We found that the decision tree accurately classified target and contaminant sequences based on measured descriptors. Importantly, the decision tree did not require a priori identification of significant descriptors and identified informative measures in constructing the model. Current decontamination methods can be time-consuming and require multiple manual steps that reduce reproducibility. In contrast, decision tree decontamination is readily implemented. The generality of the method means there are potentially many uses in biology.

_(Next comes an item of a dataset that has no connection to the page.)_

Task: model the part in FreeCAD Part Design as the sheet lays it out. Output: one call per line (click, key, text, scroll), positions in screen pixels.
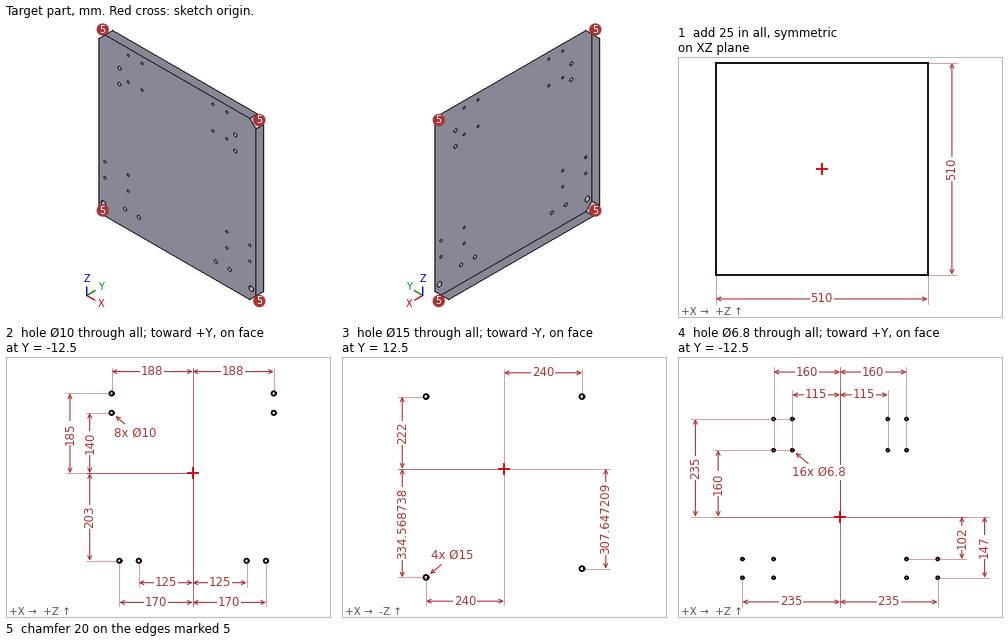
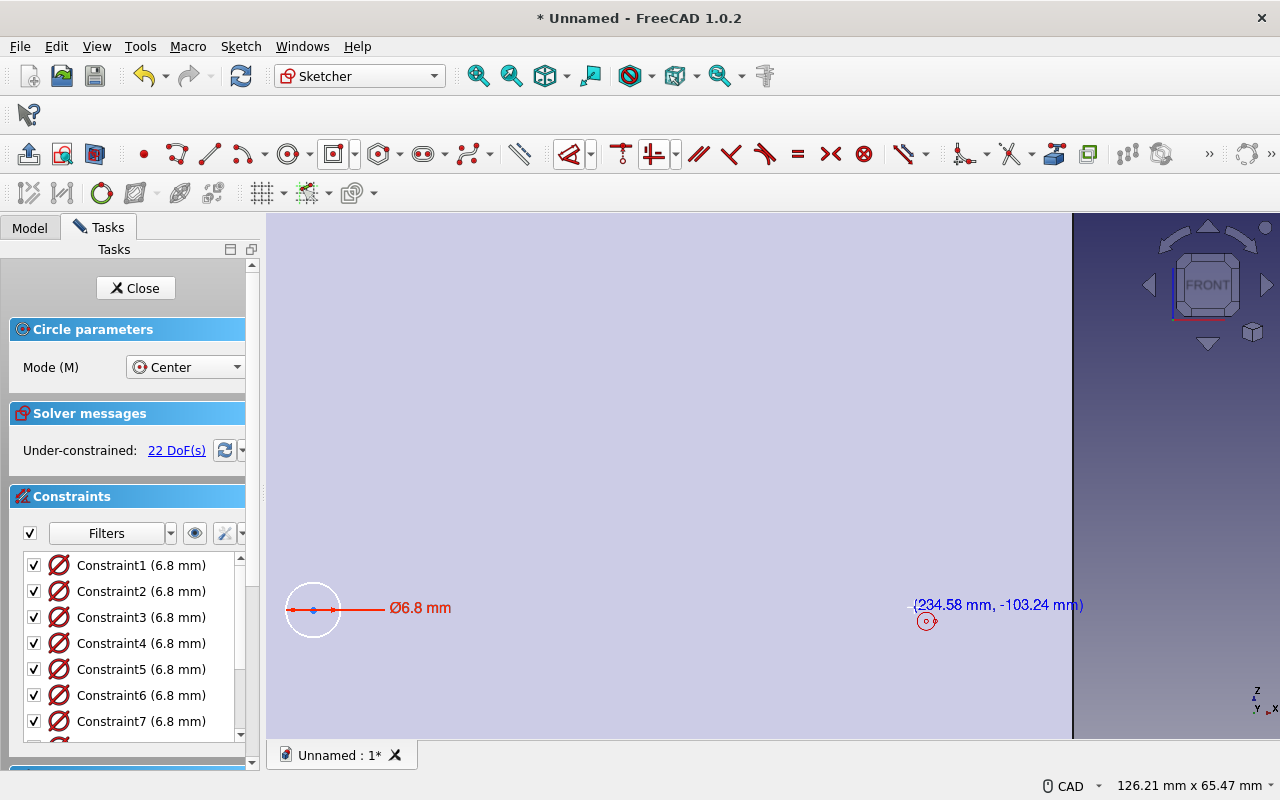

We implemented our decision tree on three empirical datasets and twenty simulated datasets. The ‘real’ organisms included two nematodes from laboratory cultures, C. remanei and C. latens, that were found to be contaminated with microbes and one rotifer, Adineta vaga. The bdelloid rotifer A. vaga is both ameiotic and asexual and 8% of its genes are of non-metazoan origin . We included A. vaga to determine if a decision tree could accurately separate foreign DNA from horizontally transferred DNA in an organism with high levels of confirmed HGT [35–37]. In order to test the methods on a range of genome-contaminant data structures we also simulated genomic and transcriptomic libraries from the published gene sequences of the plant Arabidopsis thaliana, the nematode C. elegans, the fruitfly D. melanogaster, and the pufferfish Takifugu rubripes. We contaminated each of these with a single microbe, the yeast Candida albicans, a low coverage mix of the microbial species listed above, an archaeon from the microbial dark matter project  and a mix of Homo sapiens and the common microbial contaminant Bradyrhizobium sp. [5, 6].

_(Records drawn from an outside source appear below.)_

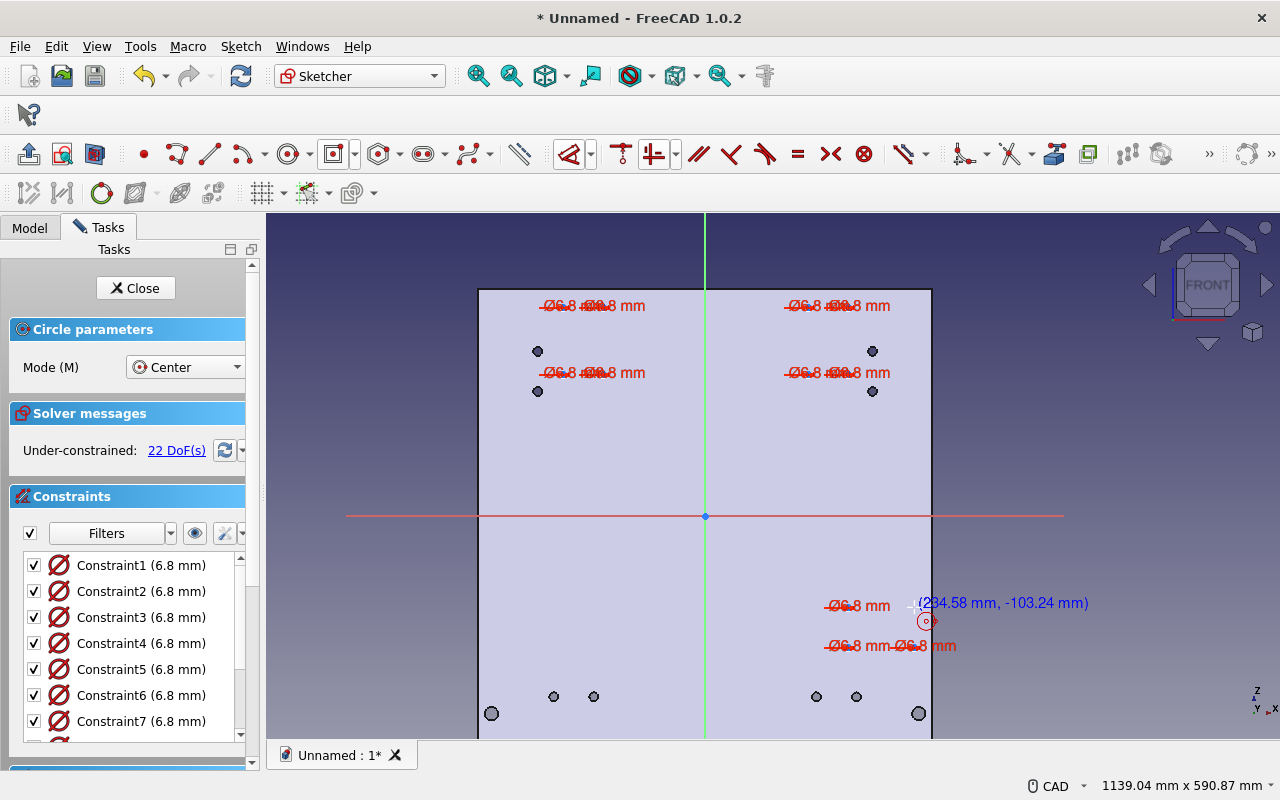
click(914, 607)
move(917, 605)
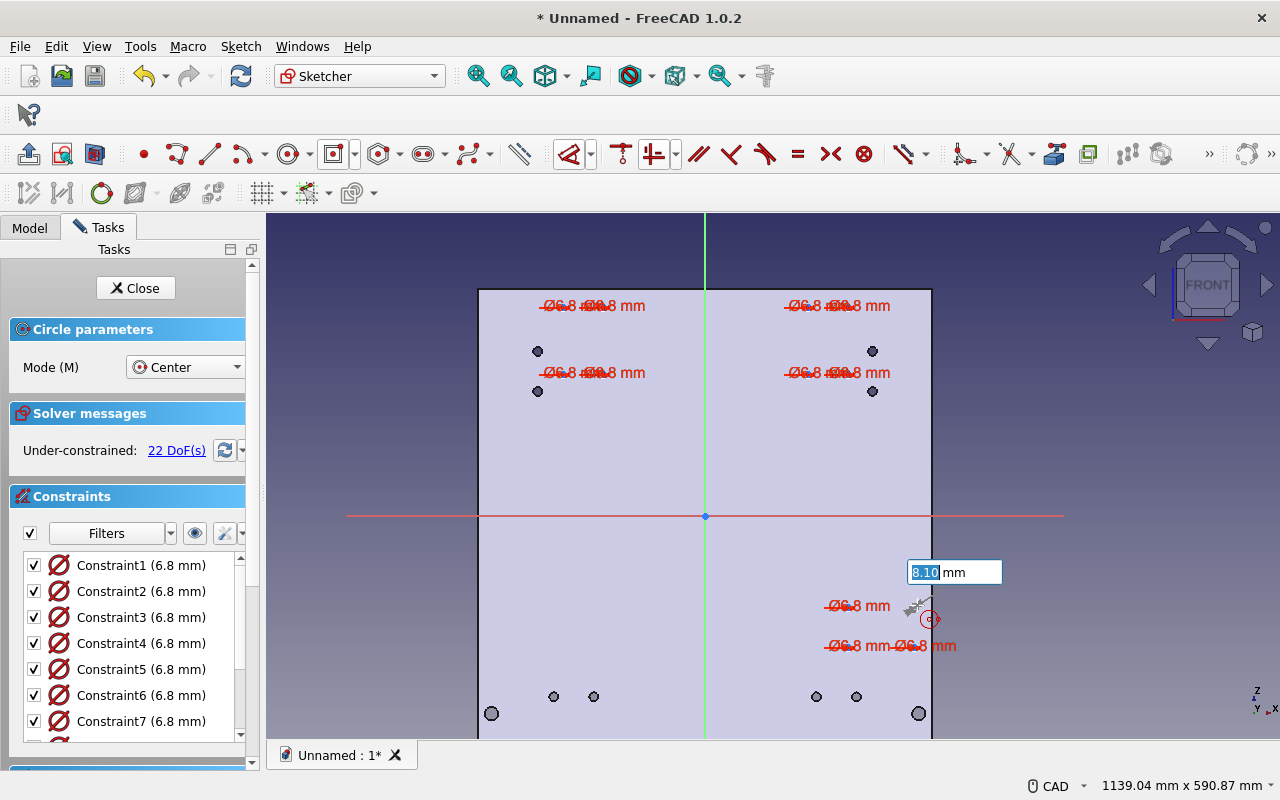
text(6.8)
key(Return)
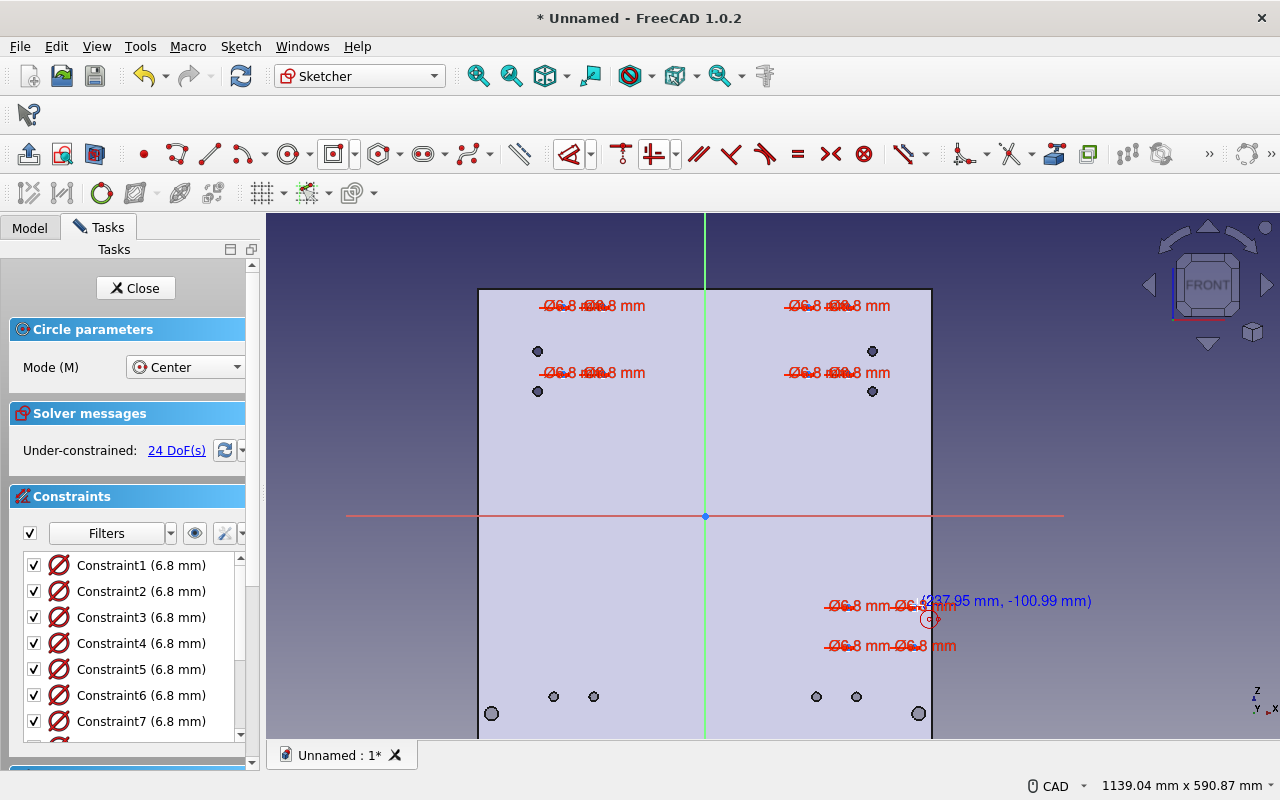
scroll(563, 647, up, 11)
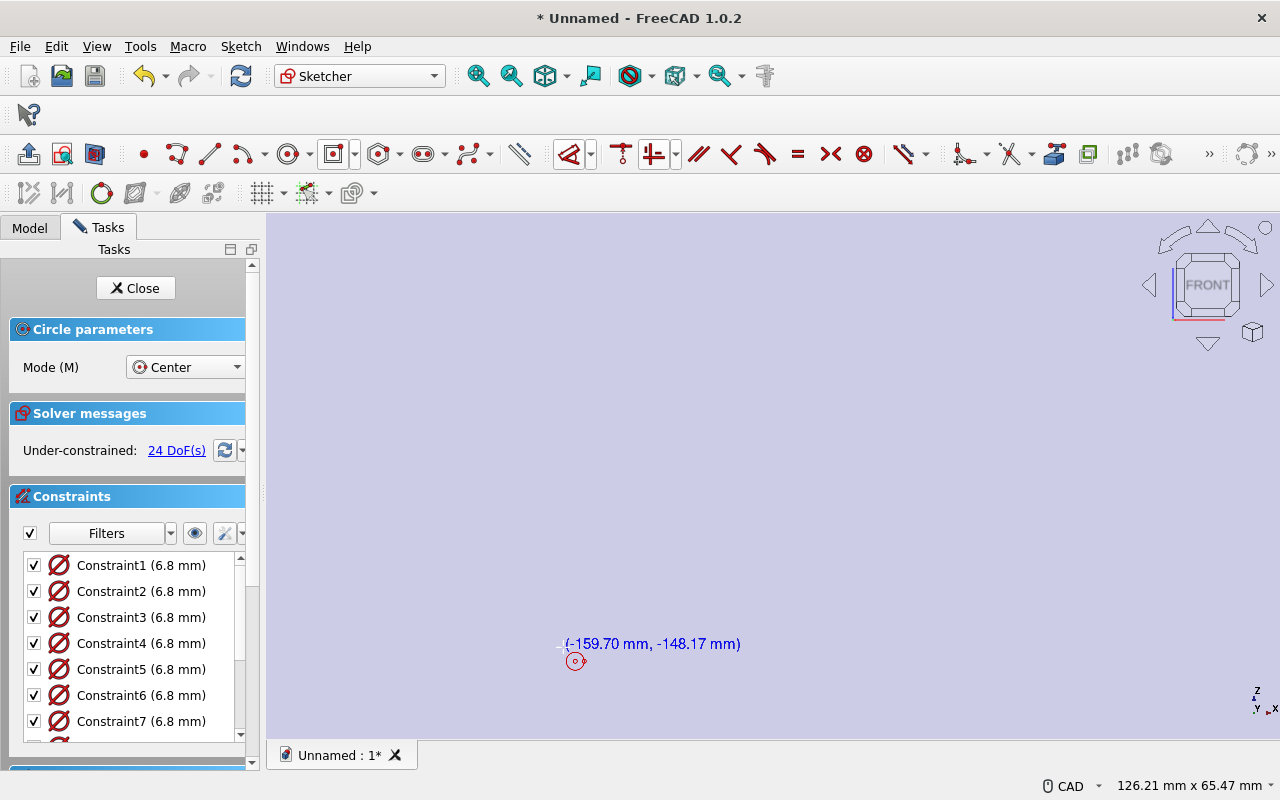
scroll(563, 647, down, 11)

The C. remanei genome sequence was estimated to be 131 Mb (Table 1) by flow-cytometry [39, 40] and initial analyses with Basic Local Alignment Search Tool (BLAST)  indicated that the assembly contained excess sequence due to microbial contaminants. The most prevalent taxonomic origin in the entire assembled genome set was C. remanei (Fig. 2) and the second most prevalent origin was the microbial contaminant E. coli. The third most prevalent organism was an unnamed Chryseobacterium species, also a microbial contaminant. 409 scaffolds could not be assigned taxonomic origin with BLAST.

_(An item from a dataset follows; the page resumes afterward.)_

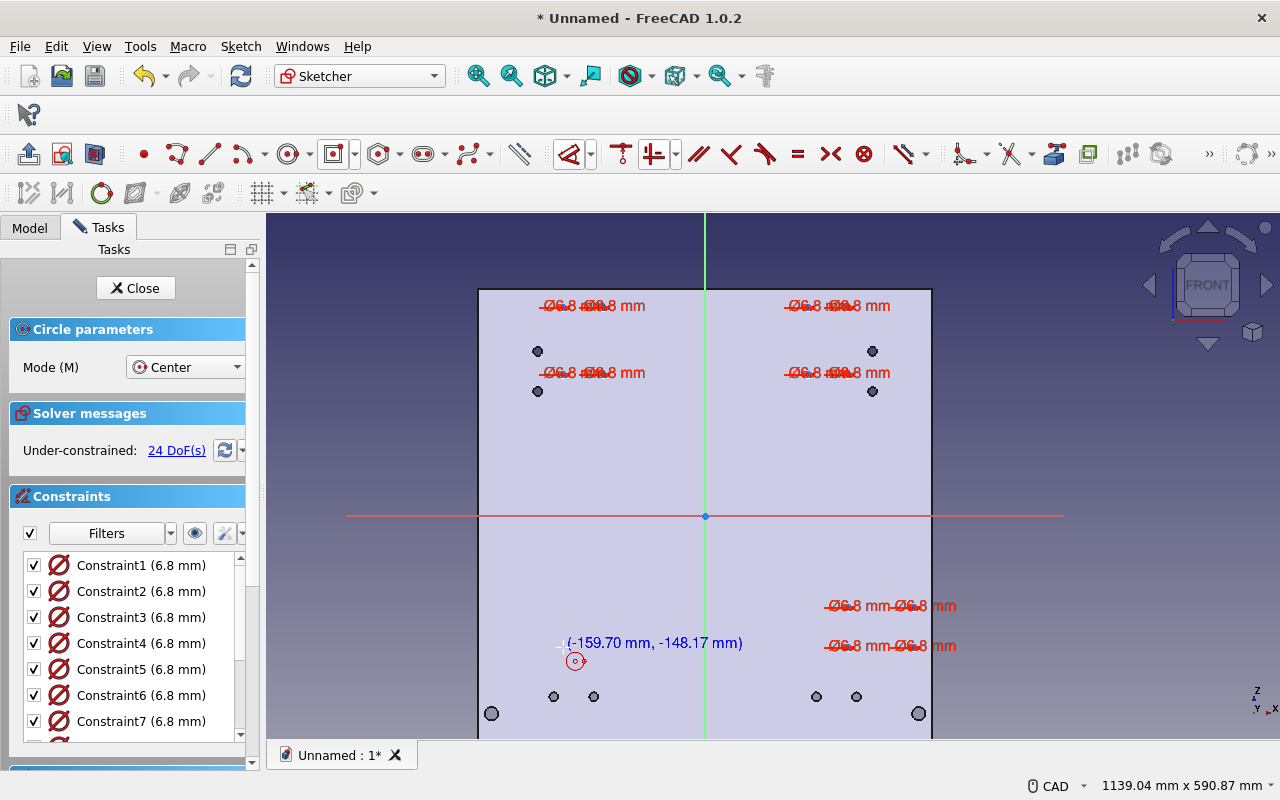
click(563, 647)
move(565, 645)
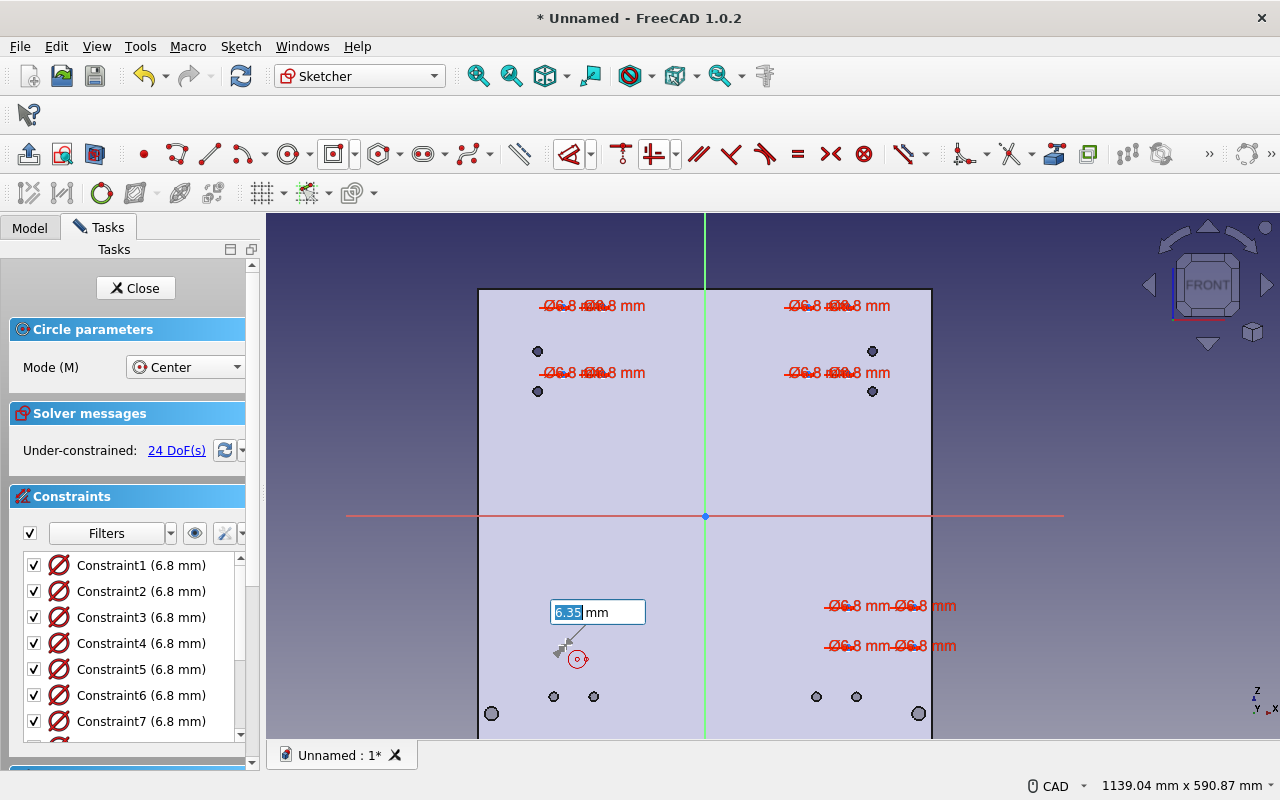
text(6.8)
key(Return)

For C. latens the most prevalent taxonomic origin was a microbial contaminant, Stenotrophomonas maltophilia, that was also found in the C. remanei assembled sequence (Fig. 2). The second most prevalent taxonomic origin was C. remanei. This is likely because C. latens is a recently described species (previously C. species 23 ) and there are few C. latens sequences in public databases. C. remanei and C. latens are closely related and partially interfertile . We were not able to identify a taxonomic origin for 429 of the assembled scaffolds.
For the A. vaga dataset there were non-metazoan BLAST alignments as expected under a model of high HGT. BLAST could not identify a taxonomic origin for 34,264 A. vaga scaffolds (Fig. 2) which was likely due to the low number of rotifer sequences in public databases. In order to identify probable contaminants we focused on an unusual pattern of 989 BLAST alignments to a single strain of E. coli (K-12 strain C3026), 206 BLAST alignments to a single strain of the human pathogen Shigella flexneri (4c), and 26 BLAST alignments to the microbe Variovorax paradoxus.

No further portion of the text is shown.